I’m going to use INCLUDE and EXCLUDE LODS, but you can try with FIXED too. Just remember that if you use FIXED you’ll need to account for any other filters/fields on your view (either adding filters to context or including the dimensions that you need to fix by), otherwise the FIXED LOD will bust out beyond the data you want to consider – e.g. include years that you wanted to filter out.

First up some base calcs that will be needed regardless of which version of RANK that we’re trying to replicate:

We need to know the minimum and maximum values in the range as these will end up equating to latitude 0 and 90…

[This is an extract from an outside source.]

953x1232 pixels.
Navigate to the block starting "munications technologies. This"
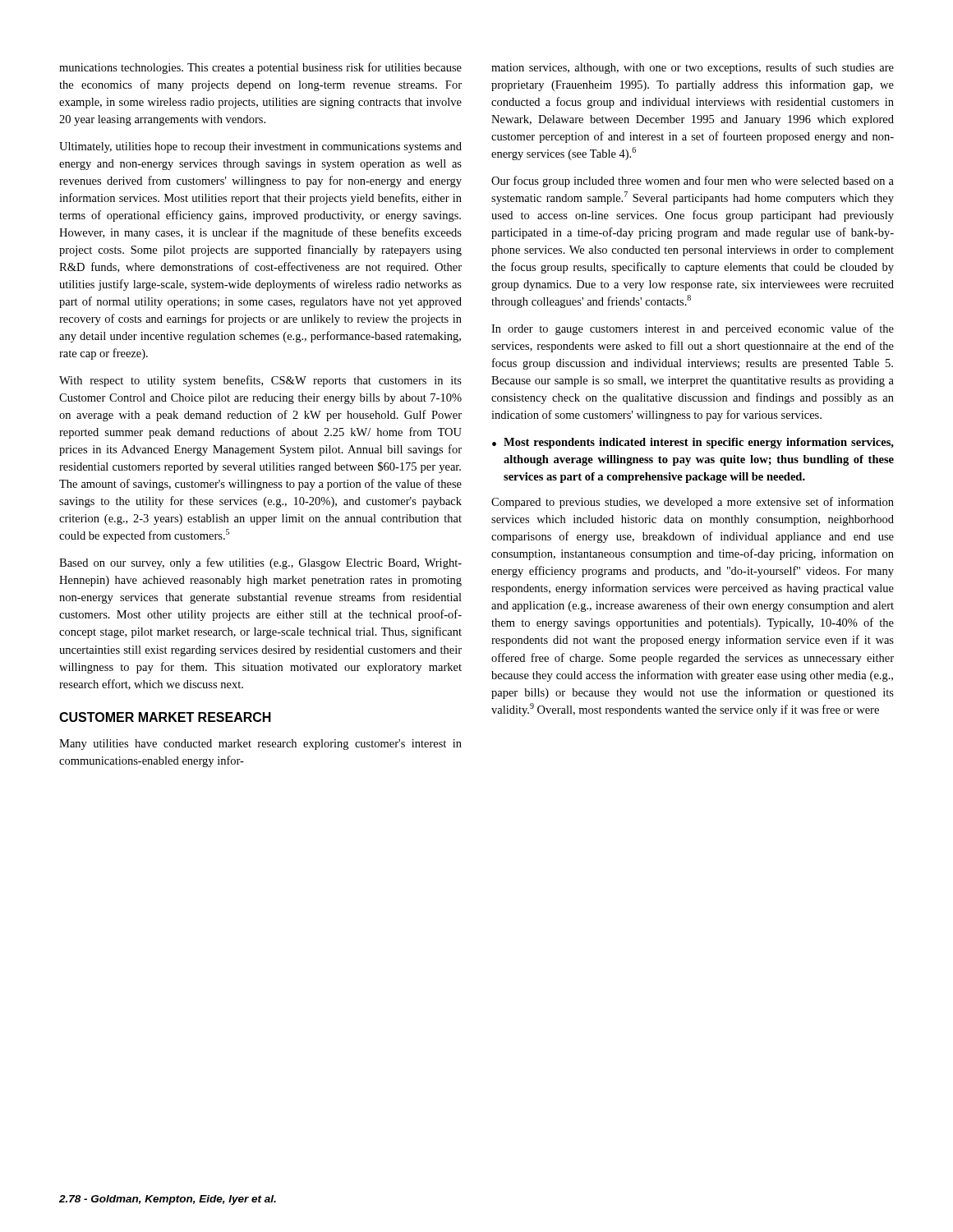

In these calculations Sub-Category is the thing I want to rank and Sales is the measure I want to rank by. You will replace these with the dimension and measure you want to use from your data.

BASE (a) min

{EXCLUDE [Sub-Category]: MIN(
 {INCLUDE [Sub-Category]: SUM([Total Sales])}
 )}

BASE (b) max

{EXCLUDE [Sub-Category]: MAX(
 {INCLUDE [Sub-Category]: SUM([Total Sales])}
 )}

BASE (c) lat

( SUM([Total Sales]) - MIN([BASE (a) min]) )
/
( MIN([BASE (b) max]) - MIN([BASE (a) min]) )
*
90

Next up we convert the latitudes to a point, and we define a buffer radius to get a circle. Note that you may need to tweak this buffer radius if you’re finding that your values, when converted to latitudes and buffered are overlapping too much and giving you incorrect results.

BASE (d) point

MAKEPOINT([BASE (c) lat],0)

BASE (e) buffer m

10

Now we’re in to the RANK_DENSE specifics. We want a buffered circle, and a buffered line back to lat 0, per value. One thing to note here is that some of these spatial functions count as aggregations. And that means they won’t accept aggregated values, so we have to wrap any aggregations in another LOD first – hence the extra INCLUDE in the next calc.

RANKD (g) circle

COLLECT(
 {INCLUDE [Sub-Category]: 
 BUFFER([BASE (d) point],[BASE (e) buffer m],'m')
 })

RANKD (h) line

BUFFER(
 MAKELINE( MAKEPOINT(0,0), [BASE (d) point] ),
 [BASE (e) buffer m], 
 'm')

The penultimate step is to return the overall collection of circles that intersect with a specific value’s line. To do this we use the INTERSECTION spatial function. And we use an EXCLUDE LOD on the circles and an INCLUDE LOD on the line to ensure one is the overall set and the other is specific to the value.

RANKD (i) intersect

INTERSECTION(
 {INCLUDE [Sub-Category]:[RANKD (h) line]}, 
 {EXCLUDE [Sub-Category]:[RANKD (g) circle]}
 )

That leaves the final step being to convert the circles up to and including this specific value that we’re left with back into a count. I don’t think we can count the circles with the spatial functions that Tableau has, but we can return the AREA of the collection of circles, and we can then divide that area by the known area of a single circle (“pi r squared” – where r is the buffer)

RANKD!

1 + FLOOR(ZN(
 AREA([RANKD (i) intersect],'m') 
 / 
 ( PI() * SQUARE([BASE (e) buffer m]) )
))

The use of FLOOR here is to cater for a little bit of overlap in values that are close enough together when converted to latitudes that the buffered circles slightly overlap.  And this is the RANK_DENSE!

What about RANK_MODIFIED

In the screenshot above I also included a LOD version of RANK_MODIFED. The approach for this is a little more complex.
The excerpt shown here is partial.